WHAT THE TASK ASKS:
Would you write out every record that follows exactly, with the pictures left out?

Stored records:
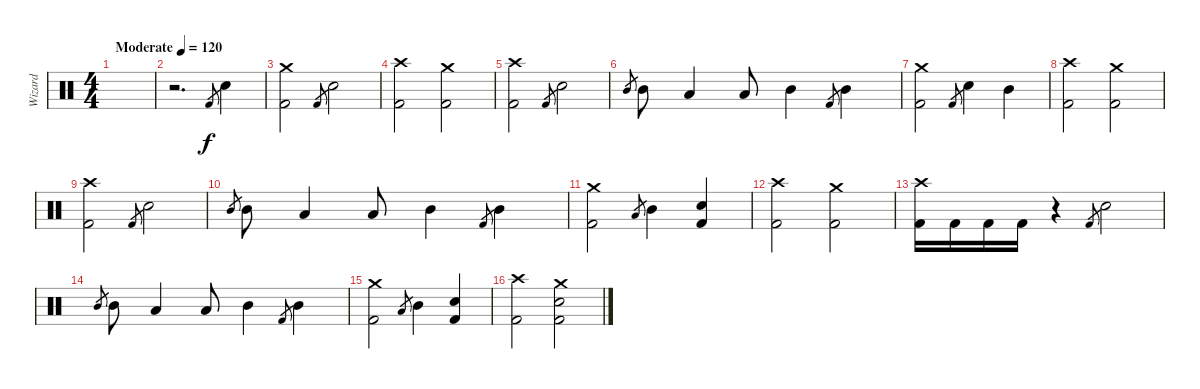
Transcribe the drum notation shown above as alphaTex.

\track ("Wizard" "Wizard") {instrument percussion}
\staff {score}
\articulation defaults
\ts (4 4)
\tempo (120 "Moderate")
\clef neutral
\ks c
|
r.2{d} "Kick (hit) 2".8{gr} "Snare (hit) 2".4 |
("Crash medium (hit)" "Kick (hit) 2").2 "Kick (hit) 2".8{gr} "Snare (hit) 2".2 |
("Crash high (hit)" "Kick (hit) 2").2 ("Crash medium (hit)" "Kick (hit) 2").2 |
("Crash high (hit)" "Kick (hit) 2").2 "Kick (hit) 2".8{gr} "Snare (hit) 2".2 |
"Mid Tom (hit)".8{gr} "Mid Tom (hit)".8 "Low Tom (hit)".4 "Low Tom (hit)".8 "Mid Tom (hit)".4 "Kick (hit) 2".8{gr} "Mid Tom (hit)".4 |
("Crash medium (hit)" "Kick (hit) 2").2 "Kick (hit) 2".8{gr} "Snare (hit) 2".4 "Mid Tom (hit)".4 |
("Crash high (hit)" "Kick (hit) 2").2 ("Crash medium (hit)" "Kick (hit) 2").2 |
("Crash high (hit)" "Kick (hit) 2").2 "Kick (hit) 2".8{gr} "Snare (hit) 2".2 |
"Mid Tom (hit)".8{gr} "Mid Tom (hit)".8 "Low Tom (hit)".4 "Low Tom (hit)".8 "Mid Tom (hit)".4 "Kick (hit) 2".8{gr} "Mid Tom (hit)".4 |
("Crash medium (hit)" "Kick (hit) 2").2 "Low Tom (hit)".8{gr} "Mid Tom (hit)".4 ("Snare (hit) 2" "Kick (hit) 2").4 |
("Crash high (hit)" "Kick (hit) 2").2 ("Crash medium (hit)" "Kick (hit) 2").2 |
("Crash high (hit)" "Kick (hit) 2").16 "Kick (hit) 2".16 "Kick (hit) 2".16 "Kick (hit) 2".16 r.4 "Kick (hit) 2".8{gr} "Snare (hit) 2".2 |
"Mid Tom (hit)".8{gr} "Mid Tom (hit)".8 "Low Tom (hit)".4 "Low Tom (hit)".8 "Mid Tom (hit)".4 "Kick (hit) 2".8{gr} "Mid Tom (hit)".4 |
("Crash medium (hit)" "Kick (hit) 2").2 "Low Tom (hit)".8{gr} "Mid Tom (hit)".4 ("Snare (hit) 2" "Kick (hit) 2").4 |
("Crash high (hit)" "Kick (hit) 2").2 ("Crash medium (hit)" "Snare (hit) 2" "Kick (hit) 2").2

TASK OUTPUT:
Transcribe the drum notation shown above as alphaTex.

\track ("Wizard" "Wizard") {instrument percussion}
\staff {score}
\articulation defaults
\ts (4 4)
\tempo (120 "Moderate")
\clef neutral
\ks c
|
r.2{d} "Kick (hit) 2".8{gr} "Snare (hit) 2".4 |
("Crash medium (hit)" "Kick (hit) 2").2 "Kick (hit) 2".8{gr} "Snare (hit) 2".2 |
("Crash high (hit)" "Kick (hit) 2").2 ("Crash medium (hit)" "Kick (hit) 2").2 |
("Crash high (hit)" "Kick (hit) 2").2 "Kick (hit) 2".8{gr} "Snare (hit) 2".2 |
"Mid Tom (hit)".8{gr} "Mid Tom (hit)".8 "Low Tom (hit)".4 "Low Tom (hit)".8 "Mid Tom (hit)".4 "Kick (hit) 2".8{gr} "Mid Tom (hit)".4 |
("Crash medium (hit)" "Kick (hit) 2").2 "Kick (hit) 2".8{gr} "Snare (hit) 2".4 "Mid Tom (hit)".4 |
("Crash high (hit)" "Kick (hit) 2").2 ("Crash medium (hit)" "Kick (hit) 2").2 |
("Crash high (hit)" "Kick (hit) 2").2 "Kick (hit) 2".8{gr} "Snare (hit) 2".2 |
"Mid Tom (hit)".8{gr} "Mid Tom (hit)".8 "Low Tom (hit)".4 "Low Tom (hit)".8 "Mid Tom (hit)".4 "Kick (hit) 2".8{gr} "Mid Tom (hit)".4 |
("Crash medium (hit)" "Kick (hit) 2").2 "Low Tom (hit)".8{gr} "Mid Tom (hit)".4 ("Snare (hit) 2" "Kick (hit) 2").4 |
("Crash high (hit)" "Kick (hit) 2").2 ("Crash medium (hit)" "Kick (hit) 2").2 |
("Crash high (hit)" "Kick (hit) 2").16 "Kick (hit) 2".16 "Kick (hit) 2".16 "Kick (hit) 2".16 r.4 "Kick (hit) 2".8{gr} "Snare (hit) 2".2 |
"Mid Tom (hit)".8{gr} "Mid Tom (hit)".8 "Low Tom (hit)".4 "Low Tom (hit)".8 "Mid Tom (hit)".4 "Kick (hit) 2".8{gr} "Mid Tom (hit)".4 |
("Crash medium (hit)" "Kick (hit) 2").2 "Low Tom (hit)".8{gr} "Mid Tom (hit)".4 ("Snare (hit) 2" "Kick (hit) 2").4 |
("Crash high (hit)" "Kick (hit) 2").2 ("Crash medium (hit)" "Snare (hit) 2" "Kick (hit) 2").2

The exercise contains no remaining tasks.